WHAT IS BEING ASKED:
Read the records beneath this task and copy every line that contains the string "image".

INPUT MATERIAL:
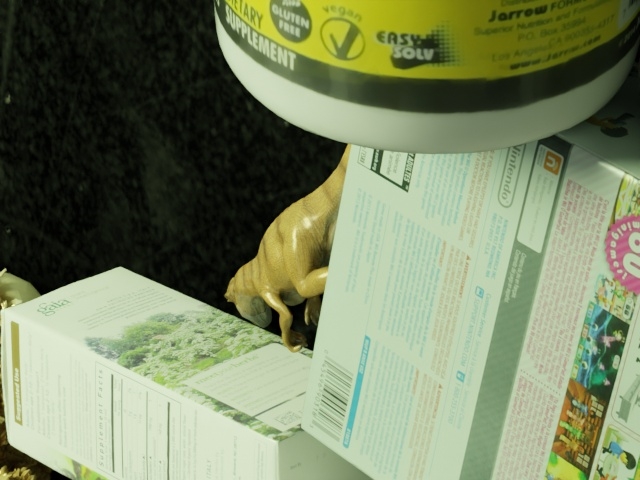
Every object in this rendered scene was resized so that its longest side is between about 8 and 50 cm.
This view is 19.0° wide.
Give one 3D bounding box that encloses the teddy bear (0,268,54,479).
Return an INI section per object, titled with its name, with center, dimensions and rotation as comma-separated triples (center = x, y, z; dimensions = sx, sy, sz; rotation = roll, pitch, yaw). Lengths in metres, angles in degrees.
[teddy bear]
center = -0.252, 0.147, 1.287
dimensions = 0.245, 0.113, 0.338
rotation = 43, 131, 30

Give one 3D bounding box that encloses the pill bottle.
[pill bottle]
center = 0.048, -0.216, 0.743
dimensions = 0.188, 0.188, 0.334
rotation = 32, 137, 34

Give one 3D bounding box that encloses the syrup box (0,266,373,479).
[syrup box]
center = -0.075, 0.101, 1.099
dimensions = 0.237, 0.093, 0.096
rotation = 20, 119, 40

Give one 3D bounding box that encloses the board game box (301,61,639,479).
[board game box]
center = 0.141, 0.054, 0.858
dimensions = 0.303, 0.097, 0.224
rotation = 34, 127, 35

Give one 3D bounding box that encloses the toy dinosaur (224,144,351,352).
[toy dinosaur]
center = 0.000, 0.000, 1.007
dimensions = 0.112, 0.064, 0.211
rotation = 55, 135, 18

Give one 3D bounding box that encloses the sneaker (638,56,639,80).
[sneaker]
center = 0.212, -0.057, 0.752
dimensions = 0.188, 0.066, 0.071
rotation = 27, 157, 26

* * *

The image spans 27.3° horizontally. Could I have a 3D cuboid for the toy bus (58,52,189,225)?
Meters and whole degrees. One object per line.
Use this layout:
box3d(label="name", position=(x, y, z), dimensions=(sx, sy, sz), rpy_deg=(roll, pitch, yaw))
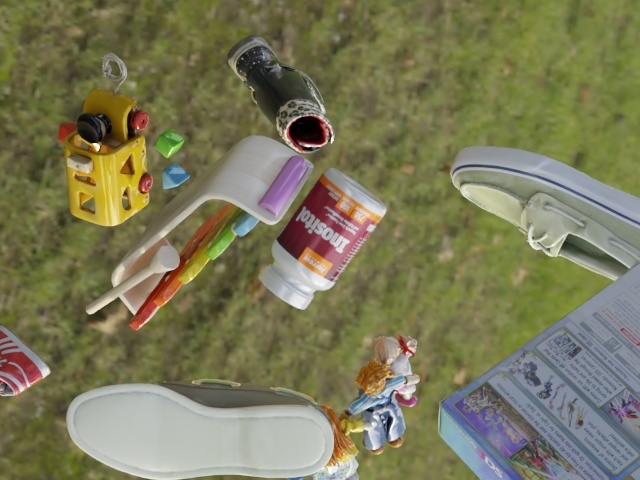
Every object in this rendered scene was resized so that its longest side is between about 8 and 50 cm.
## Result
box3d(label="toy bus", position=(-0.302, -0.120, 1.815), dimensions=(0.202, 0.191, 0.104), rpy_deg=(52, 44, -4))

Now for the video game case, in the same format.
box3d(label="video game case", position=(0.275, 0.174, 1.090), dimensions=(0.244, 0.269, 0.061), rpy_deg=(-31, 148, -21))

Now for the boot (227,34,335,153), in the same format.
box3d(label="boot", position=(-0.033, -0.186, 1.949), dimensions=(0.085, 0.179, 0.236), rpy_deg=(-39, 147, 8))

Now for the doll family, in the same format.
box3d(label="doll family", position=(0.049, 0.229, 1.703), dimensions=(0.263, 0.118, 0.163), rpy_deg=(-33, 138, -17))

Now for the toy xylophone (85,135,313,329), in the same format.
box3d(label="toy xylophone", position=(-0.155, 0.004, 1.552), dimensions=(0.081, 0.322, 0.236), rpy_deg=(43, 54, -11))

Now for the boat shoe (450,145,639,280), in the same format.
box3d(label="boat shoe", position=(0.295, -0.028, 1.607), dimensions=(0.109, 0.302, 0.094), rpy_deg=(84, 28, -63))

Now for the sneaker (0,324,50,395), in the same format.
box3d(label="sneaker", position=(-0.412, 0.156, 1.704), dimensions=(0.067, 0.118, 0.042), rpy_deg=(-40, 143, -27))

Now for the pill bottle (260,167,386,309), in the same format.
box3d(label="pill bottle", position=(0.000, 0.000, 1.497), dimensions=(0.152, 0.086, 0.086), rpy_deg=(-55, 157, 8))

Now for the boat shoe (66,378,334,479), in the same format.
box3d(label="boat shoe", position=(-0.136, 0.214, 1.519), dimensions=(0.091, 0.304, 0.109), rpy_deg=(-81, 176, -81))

==

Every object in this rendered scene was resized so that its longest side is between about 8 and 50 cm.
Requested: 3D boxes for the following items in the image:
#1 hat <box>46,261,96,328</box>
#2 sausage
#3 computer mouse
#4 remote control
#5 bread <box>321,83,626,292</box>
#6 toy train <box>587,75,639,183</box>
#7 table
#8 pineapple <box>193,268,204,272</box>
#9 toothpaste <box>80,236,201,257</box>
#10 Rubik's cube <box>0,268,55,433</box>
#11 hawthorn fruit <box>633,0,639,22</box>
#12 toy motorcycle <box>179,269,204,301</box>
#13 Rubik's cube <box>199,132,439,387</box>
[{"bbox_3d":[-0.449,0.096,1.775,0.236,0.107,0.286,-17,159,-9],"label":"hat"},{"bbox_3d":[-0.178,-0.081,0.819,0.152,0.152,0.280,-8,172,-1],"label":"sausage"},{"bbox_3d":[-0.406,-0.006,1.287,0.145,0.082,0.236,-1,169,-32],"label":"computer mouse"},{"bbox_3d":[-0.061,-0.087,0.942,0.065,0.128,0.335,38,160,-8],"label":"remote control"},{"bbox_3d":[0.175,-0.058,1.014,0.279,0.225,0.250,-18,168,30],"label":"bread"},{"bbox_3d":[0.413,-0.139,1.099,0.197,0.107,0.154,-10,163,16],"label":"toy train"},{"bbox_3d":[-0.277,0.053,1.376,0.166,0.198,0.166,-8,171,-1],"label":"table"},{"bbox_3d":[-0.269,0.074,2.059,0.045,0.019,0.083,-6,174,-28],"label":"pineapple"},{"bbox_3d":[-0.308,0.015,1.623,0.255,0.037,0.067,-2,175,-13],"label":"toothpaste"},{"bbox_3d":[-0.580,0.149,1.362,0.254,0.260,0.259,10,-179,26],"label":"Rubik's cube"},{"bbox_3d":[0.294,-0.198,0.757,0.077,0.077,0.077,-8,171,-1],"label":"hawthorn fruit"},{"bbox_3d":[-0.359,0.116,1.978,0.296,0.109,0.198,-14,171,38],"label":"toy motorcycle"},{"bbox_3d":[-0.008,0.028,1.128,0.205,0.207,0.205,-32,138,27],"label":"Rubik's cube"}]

YOUR SOLUTION:
The image spans 27.3° horizontally. Could I have a 3D cuboid for the toy bus (58,52,189,225)?
Requested: 3D boxes for the following items in the image:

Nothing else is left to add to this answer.